= Ishikawa diagram =

Causal diagrams created by Kaoru Ishikawa

An Ishikawa diagram

Ishikawa diagrams (also called fishbone diagrams, herringbone diagrams, cause-and-effect diagrams) are causal diagrams created by Kaoru Ishikawa that show the potential causes of a specific event.

Common uses of the Ishikawa diagram are product design and quality defect prevention to identify potential factors causing an overall effect. Each cause or reason for imperfection is a source of variation. Causes are usually grouped into major categories to identify and classify these sources of variation.

==Overview==

Sample Ishikawa diagram shows the causes contributing to problem.

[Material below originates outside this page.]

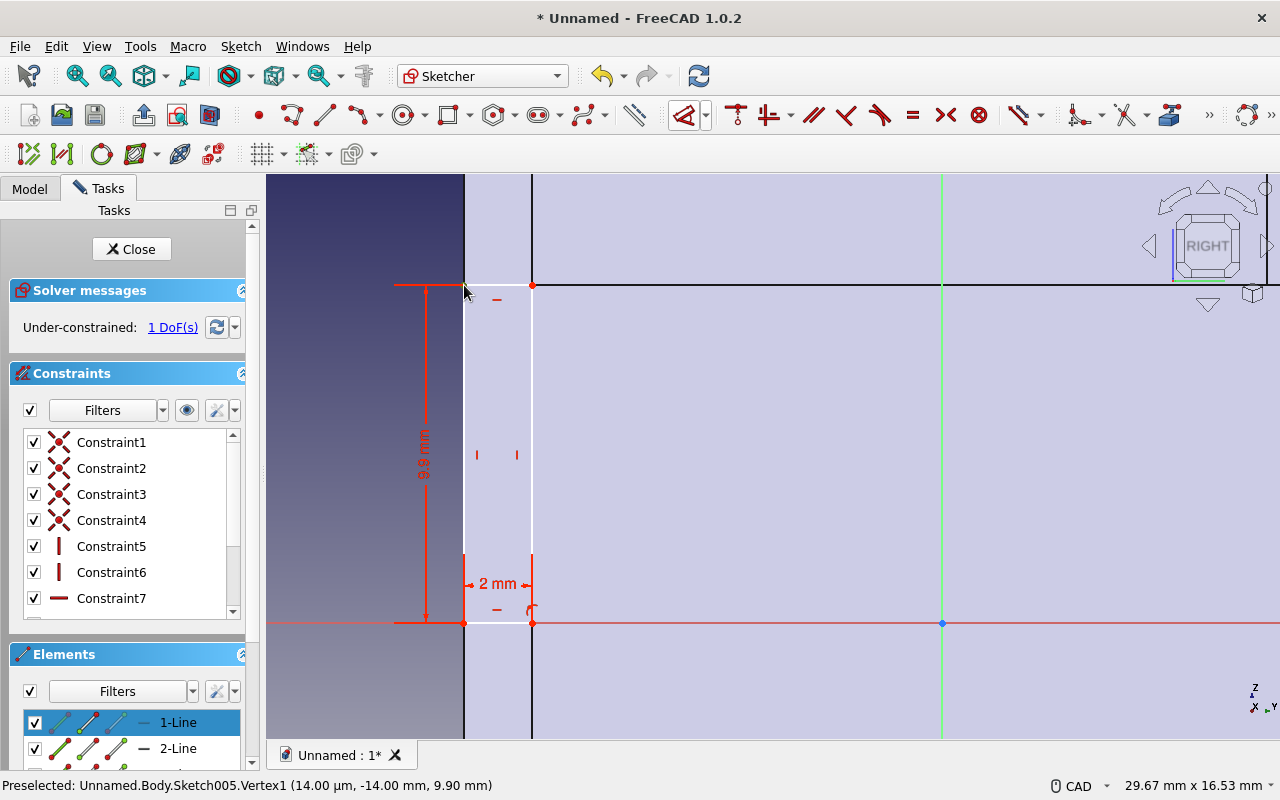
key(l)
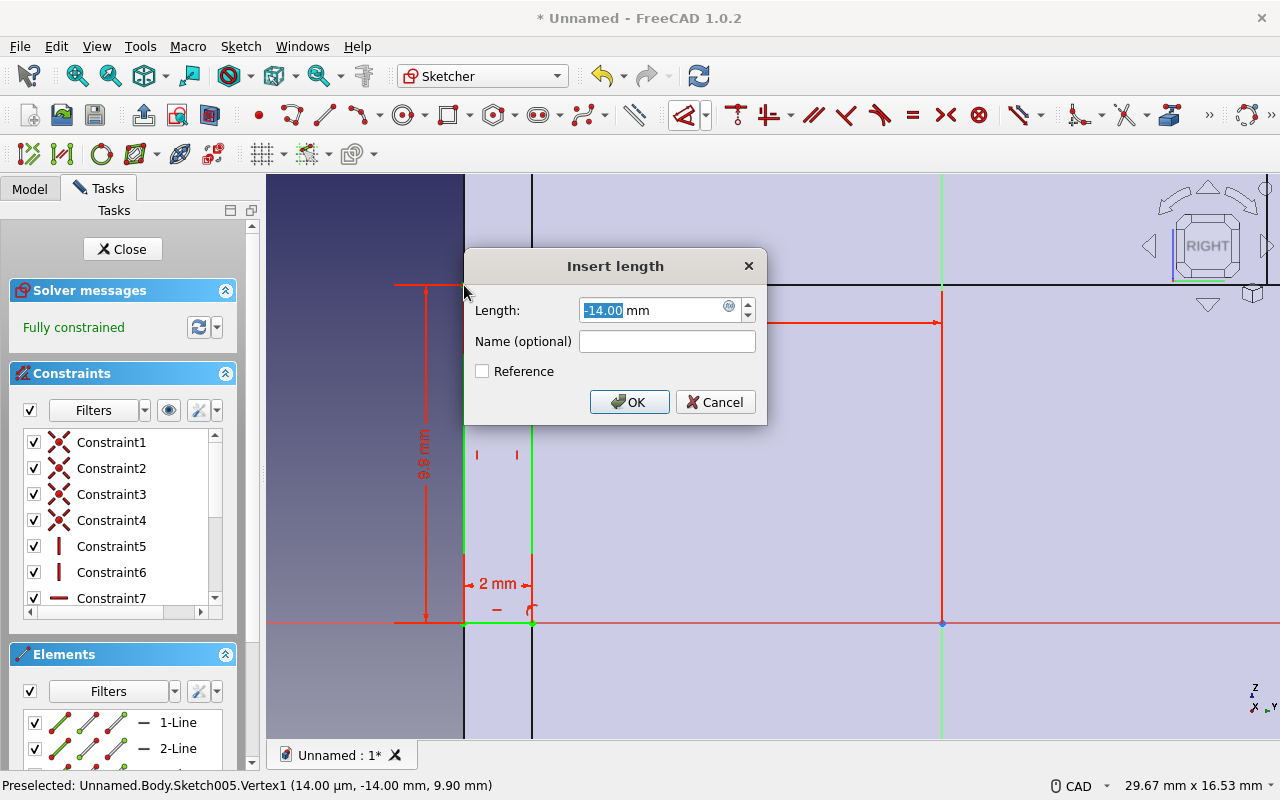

The defect, or the problem to be solved, is shown as the fish's head, facing to the right, with the causes extending to the left as fishbones; the ribs branch off the backbone for major causes, with sub-branches for root-causes, to as many levels as required.

Ishikawa diagrams were popularized in the 1960s by Kaoru Ishikawa, who pioneered quality management processes in the Kawasaki shipyards, and in the process became one of the founding fathers of modern management.

The basic concept was first used in the 1920s, and is considered one of the seven basic tools of quality control. It is known as a fishbone diagram because of its shape, similar to the side view of a fish skeleton.

Mazda Motors famously used an Ishikawa diagram in the development of the Miata (MX5) sports car.

== Root causes ==

An Ishikawa diagram breaking down possible root causes of a blurry photo

Root-cause analysis is intended to reveal key relationships among various variables, and the possible causes provide additional insight into process behavior. It shows high-level causes that lead to the problem encountered by providing a snapshot of the current situation.

There can be confusion about the relationships between problems, causes, symptoms and effects. Smith highlights this and the common question “Is that a problem or a symptom?” which mistakenly presumes that problems and symptoms are mutually exclusive categories. A problem is a situation that bears improvement; a symptom is the effect of a cause: a situation can be both a problem and a symptom.

At a practical level, a cause is whatever is responsible for, or explains, an effect - a factor "whose presence makes a critical difference to the occurrence of an outcome".

The causes emerge by analysis, often through brainstorming sessions, and are grouped into categories on the main branches off the fishbone. To help structure the approach, the categories are often selected from one of the common models shown below, but may emerge as something unique to the application in a specific case.

Each potential cause is traced back to find the root cause, often using the 5 Whys technique.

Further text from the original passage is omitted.